- Task -
Please report how many lines in the records below contain the word "board", and give nothing else.

(Data extracted from a collection)
══════
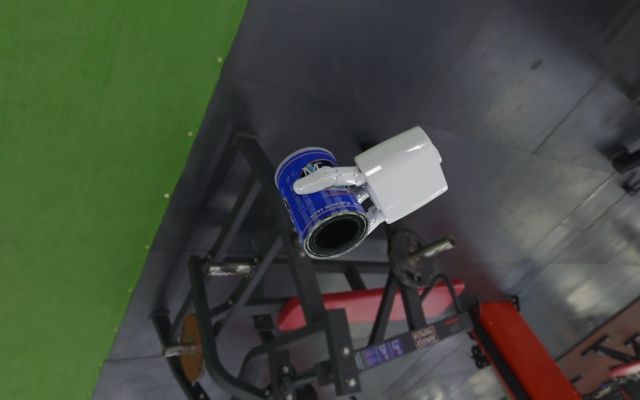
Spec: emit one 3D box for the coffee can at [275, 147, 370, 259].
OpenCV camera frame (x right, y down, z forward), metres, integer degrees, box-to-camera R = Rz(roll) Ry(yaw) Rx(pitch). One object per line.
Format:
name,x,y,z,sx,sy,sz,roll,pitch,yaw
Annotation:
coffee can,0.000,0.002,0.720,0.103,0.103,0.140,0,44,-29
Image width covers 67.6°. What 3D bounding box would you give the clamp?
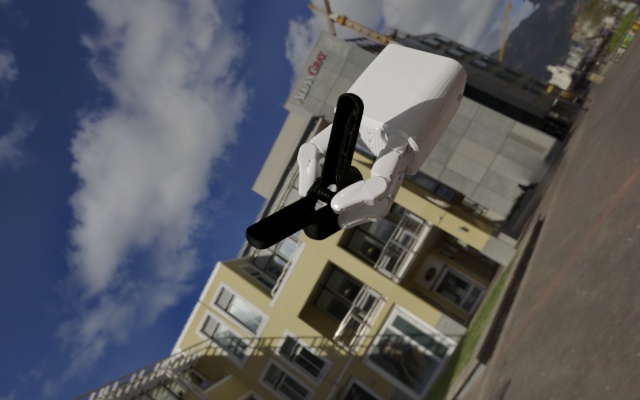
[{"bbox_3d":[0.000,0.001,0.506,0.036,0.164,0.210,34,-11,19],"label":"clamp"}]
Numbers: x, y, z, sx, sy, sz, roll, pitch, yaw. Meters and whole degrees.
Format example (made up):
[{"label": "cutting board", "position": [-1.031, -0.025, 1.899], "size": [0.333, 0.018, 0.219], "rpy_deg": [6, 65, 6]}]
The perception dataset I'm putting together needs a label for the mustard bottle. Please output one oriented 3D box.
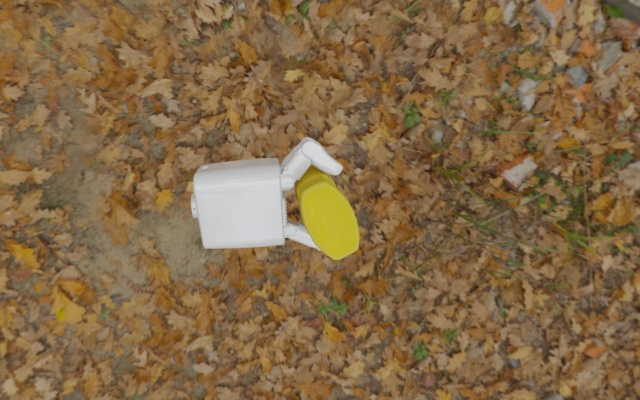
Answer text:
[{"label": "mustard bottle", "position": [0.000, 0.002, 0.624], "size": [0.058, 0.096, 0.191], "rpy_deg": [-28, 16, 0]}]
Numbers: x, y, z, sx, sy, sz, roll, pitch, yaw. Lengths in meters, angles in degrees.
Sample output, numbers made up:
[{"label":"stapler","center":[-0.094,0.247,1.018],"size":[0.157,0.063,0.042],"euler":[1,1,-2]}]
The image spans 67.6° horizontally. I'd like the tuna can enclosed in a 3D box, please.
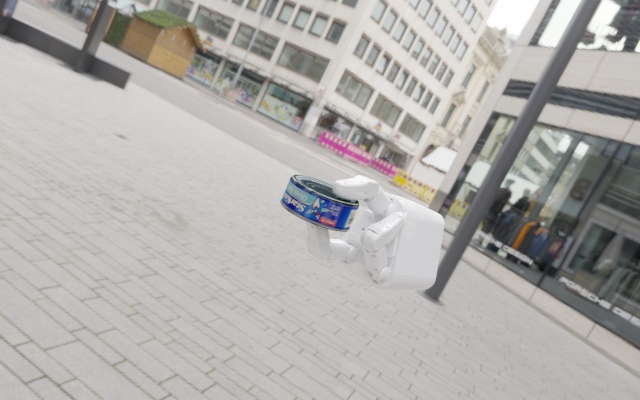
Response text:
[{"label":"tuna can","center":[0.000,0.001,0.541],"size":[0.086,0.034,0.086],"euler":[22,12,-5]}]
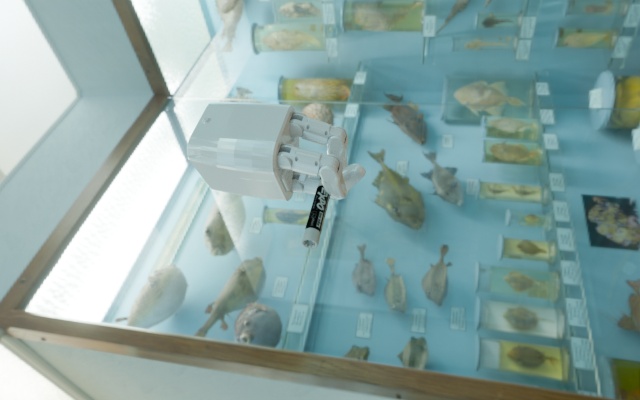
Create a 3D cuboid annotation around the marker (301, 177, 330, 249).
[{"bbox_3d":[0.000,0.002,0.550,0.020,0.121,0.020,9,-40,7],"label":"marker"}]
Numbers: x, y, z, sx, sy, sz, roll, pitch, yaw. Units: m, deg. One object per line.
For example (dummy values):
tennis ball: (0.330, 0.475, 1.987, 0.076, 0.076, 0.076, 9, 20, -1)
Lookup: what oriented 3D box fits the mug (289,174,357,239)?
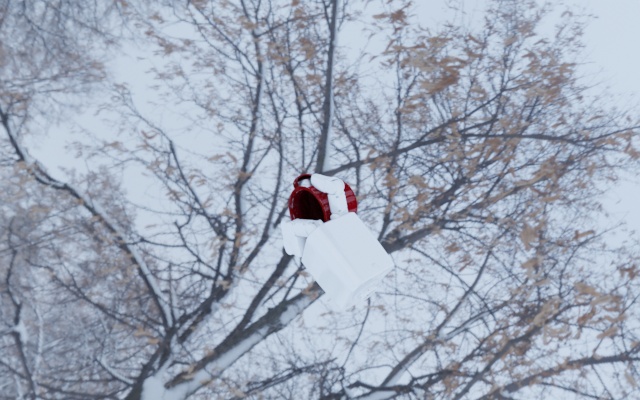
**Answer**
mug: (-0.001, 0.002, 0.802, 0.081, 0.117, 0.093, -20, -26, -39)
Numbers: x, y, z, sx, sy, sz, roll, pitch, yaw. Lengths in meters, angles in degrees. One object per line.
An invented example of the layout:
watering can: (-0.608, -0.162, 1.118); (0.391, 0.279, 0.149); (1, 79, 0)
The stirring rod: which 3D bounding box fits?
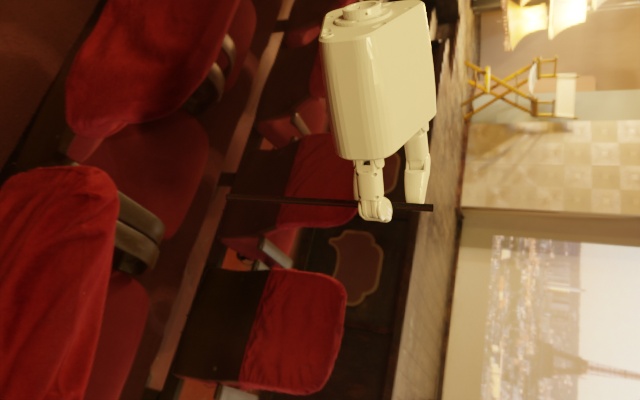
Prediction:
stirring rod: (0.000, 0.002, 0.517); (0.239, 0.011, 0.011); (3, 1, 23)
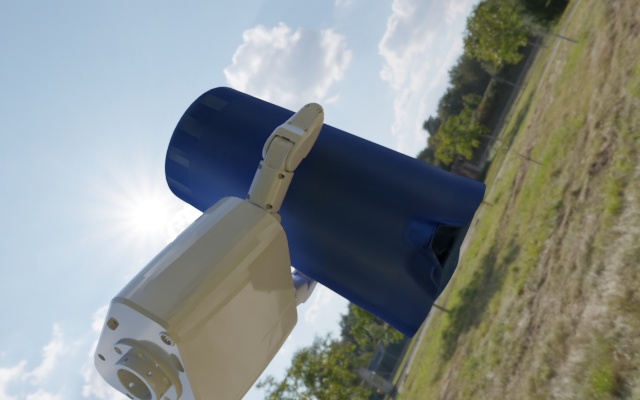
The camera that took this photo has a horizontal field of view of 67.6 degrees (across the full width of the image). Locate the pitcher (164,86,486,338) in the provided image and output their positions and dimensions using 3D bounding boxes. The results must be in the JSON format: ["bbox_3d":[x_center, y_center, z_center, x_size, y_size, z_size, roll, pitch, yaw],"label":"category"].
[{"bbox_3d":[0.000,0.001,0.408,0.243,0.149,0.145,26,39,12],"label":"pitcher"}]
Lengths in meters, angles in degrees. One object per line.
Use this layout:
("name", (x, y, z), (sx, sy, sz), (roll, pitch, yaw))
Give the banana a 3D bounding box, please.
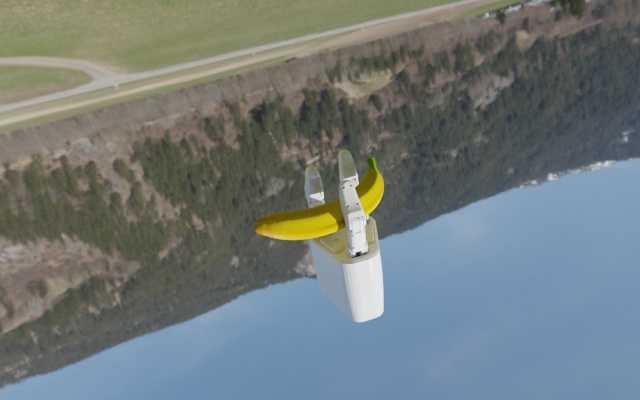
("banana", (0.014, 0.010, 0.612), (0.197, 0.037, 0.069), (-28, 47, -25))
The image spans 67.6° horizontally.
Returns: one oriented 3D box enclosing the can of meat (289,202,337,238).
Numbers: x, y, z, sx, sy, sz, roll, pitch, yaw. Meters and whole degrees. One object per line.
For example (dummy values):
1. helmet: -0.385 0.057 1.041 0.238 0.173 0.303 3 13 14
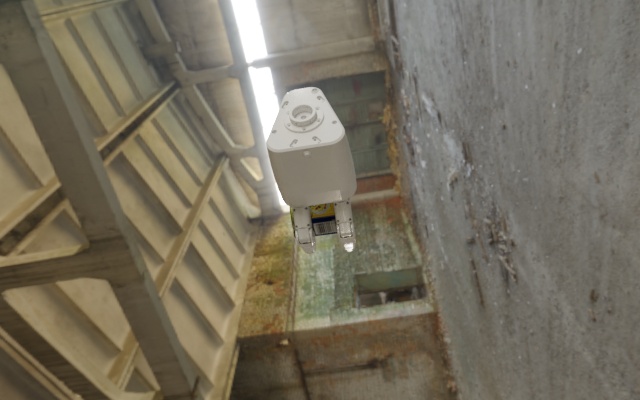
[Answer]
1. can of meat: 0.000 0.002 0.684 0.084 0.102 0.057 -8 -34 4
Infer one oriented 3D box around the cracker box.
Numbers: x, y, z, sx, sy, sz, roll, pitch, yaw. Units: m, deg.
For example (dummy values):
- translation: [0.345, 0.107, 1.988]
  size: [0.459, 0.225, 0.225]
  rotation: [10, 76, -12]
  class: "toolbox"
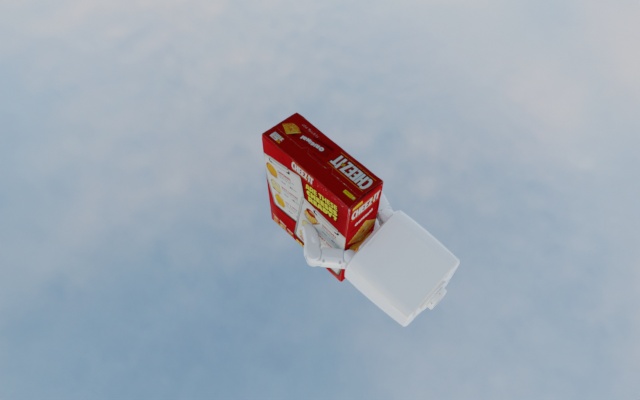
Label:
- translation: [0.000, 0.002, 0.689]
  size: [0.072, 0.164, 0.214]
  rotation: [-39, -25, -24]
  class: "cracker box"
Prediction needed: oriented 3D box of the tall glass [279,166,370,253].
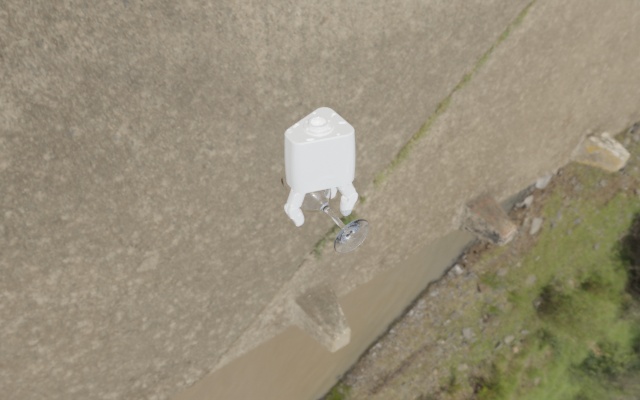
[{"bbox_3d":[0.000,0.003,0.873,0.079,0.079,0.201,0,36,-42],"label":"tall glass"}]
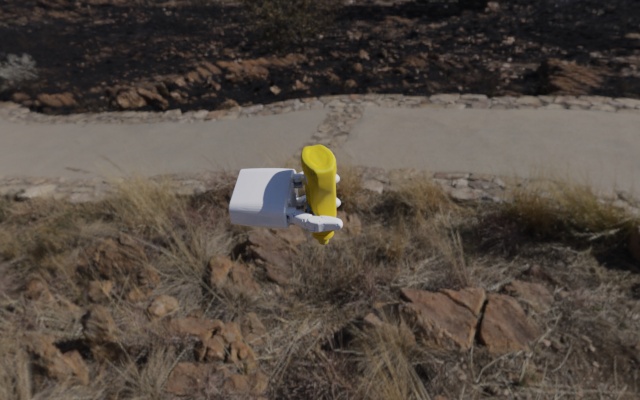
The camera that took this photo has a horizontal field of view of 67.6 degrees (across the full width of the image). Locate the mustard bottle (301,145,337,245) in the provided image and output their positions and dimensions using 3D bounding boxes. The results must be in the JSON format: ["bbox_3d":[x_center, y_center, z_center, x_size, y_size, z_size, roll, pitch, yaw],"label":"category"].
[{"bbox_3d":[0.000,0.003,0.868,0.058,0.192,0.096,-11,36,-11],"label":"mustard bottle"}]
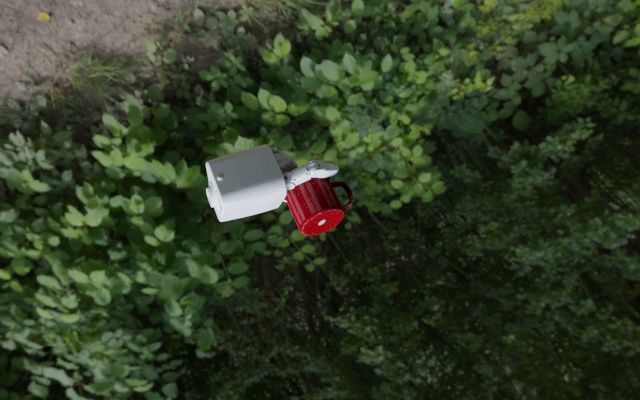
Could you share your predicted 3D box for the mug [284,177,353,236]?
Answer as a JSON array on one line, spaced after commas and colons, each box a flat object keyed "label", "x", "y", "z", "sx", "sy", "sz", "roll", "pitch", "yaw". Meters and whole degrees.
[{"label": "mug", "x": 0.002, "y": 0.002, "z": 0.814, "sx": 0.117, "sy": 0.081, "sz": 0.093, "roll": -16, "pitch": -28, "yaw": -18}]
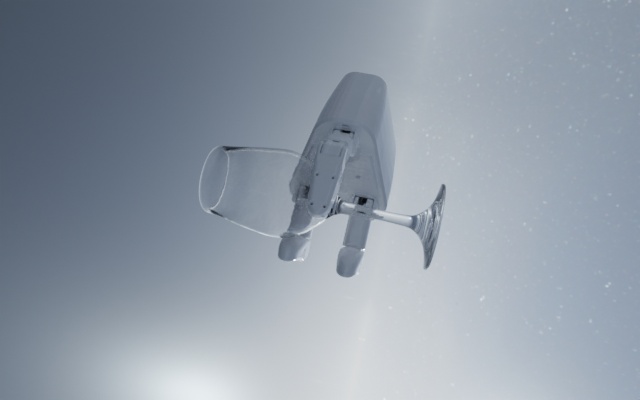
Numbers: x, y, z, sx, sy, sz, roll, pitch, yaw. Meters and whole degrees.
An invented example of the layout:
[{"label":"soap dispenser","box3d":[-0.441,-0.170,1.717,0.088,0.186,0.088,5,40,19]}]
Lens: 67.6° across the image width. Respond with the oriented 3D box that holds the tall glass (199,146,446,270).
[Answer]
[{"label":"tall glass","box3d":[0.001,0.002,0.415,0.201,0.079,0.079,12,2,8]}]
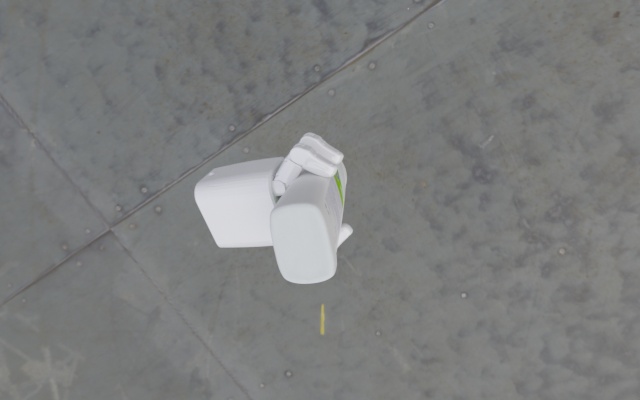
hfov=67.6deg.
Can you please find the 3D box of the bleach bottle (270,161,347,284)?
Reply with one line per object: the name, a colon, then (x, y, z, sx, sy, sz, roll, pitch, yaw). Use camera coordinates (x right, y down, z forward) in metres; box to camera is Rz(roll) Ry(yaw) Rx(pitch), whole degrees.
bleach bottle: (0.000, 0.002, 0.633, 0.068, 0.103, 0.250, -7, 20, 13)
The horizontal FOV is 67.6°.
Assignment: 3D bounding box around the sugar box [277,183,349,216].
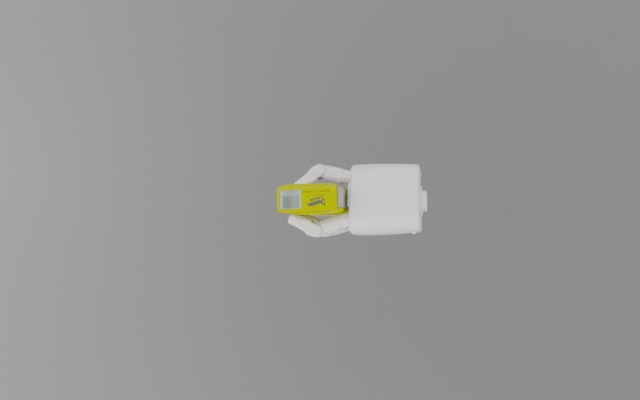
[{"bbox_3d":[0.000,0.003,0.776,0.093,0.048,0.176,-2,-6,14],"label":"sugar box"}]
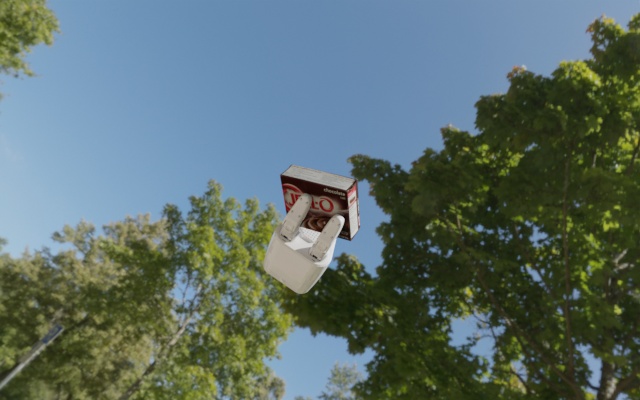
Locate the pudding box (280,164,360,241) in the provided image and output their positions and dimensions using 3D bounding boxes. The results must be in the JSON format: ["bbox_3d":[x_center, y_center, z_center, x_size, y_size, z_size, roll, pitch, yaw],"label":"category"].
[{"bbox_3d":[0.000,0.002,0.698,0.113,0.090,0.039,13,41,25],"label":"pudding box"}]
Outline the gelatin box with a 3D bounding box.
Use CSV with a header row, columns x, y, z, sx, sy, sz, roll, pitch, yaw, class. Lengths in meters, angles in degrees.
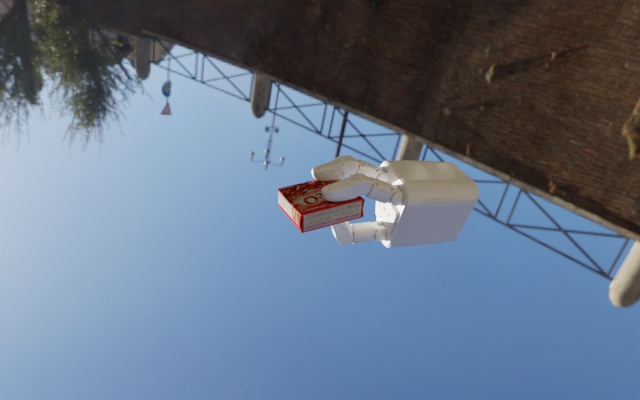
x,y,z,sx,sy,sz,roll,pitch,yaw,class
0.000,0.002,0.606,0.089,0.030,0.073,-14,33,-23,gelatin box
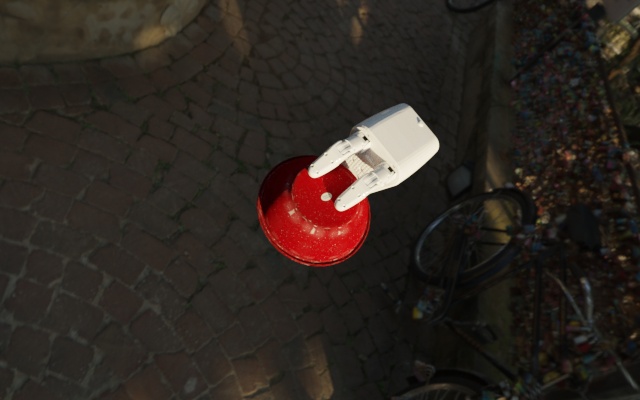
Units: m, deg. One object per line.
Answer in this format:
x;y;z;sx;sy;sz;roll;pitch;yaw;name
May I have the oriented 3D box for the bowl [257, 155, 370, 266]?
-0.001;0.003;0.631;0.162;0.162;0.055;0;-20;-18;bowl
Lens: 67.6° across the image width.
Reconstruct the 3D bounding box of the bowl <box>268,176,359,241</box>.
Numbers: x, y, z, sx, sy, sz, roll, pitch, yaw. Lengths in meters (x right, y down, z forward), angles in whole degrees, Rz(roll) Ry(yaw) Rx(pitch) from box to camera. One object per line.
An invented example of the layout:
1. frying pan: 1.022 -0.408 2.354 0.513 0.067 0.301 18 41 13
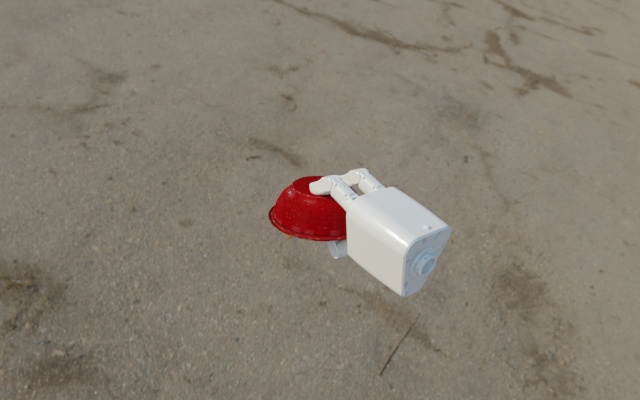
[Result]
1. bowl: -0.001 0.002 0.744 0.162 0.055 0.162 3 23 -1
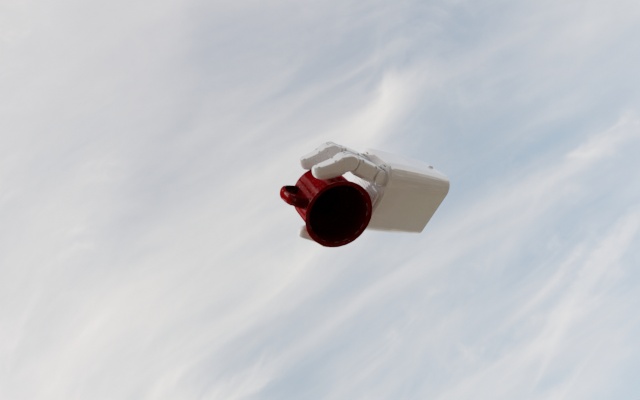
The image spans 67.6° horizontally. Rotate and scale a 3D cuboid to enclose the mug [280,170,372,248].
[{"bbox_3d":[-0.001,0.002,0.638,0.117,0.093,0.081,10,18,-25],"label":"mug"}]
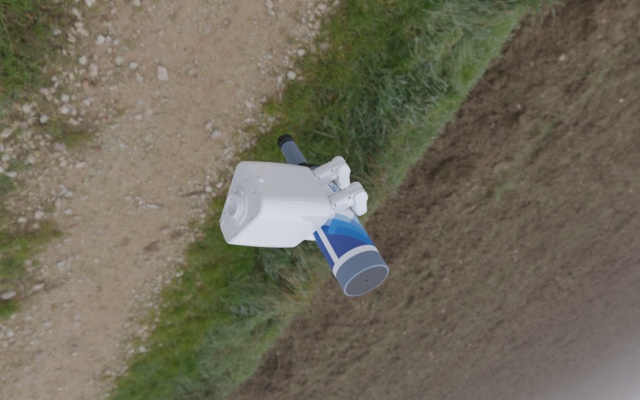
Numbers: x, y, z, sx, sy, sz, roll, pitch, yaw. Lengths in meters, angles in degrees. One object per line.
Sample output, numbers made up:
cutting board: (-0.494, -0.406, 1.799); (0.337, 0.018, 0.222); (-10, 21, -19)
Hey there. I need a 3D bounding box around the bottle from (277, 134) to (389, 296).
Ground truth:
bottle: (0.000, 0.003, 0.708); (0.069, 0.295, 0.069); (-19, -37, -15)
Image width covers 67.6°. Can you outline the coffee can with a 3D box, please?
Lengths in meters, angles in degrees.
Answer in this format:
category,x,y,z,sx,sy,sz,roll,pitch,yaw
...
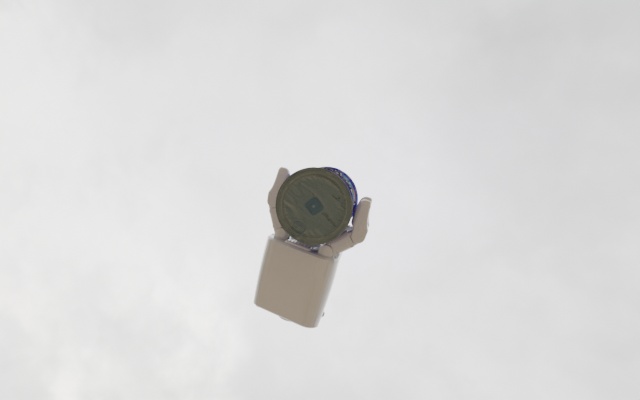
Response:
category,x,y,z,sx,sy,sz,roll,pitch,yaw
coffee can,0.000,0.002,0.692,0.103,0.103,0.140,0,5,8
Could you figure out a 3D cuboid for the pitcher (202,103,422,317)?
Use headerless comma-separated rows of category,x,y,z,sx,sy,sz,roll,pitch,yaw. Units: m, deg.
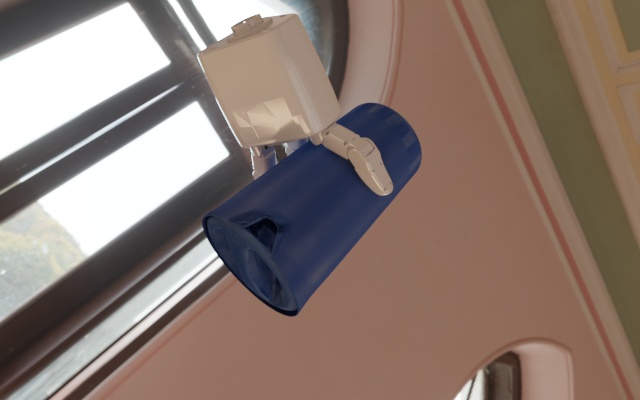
══════
- Output for this exercise -
2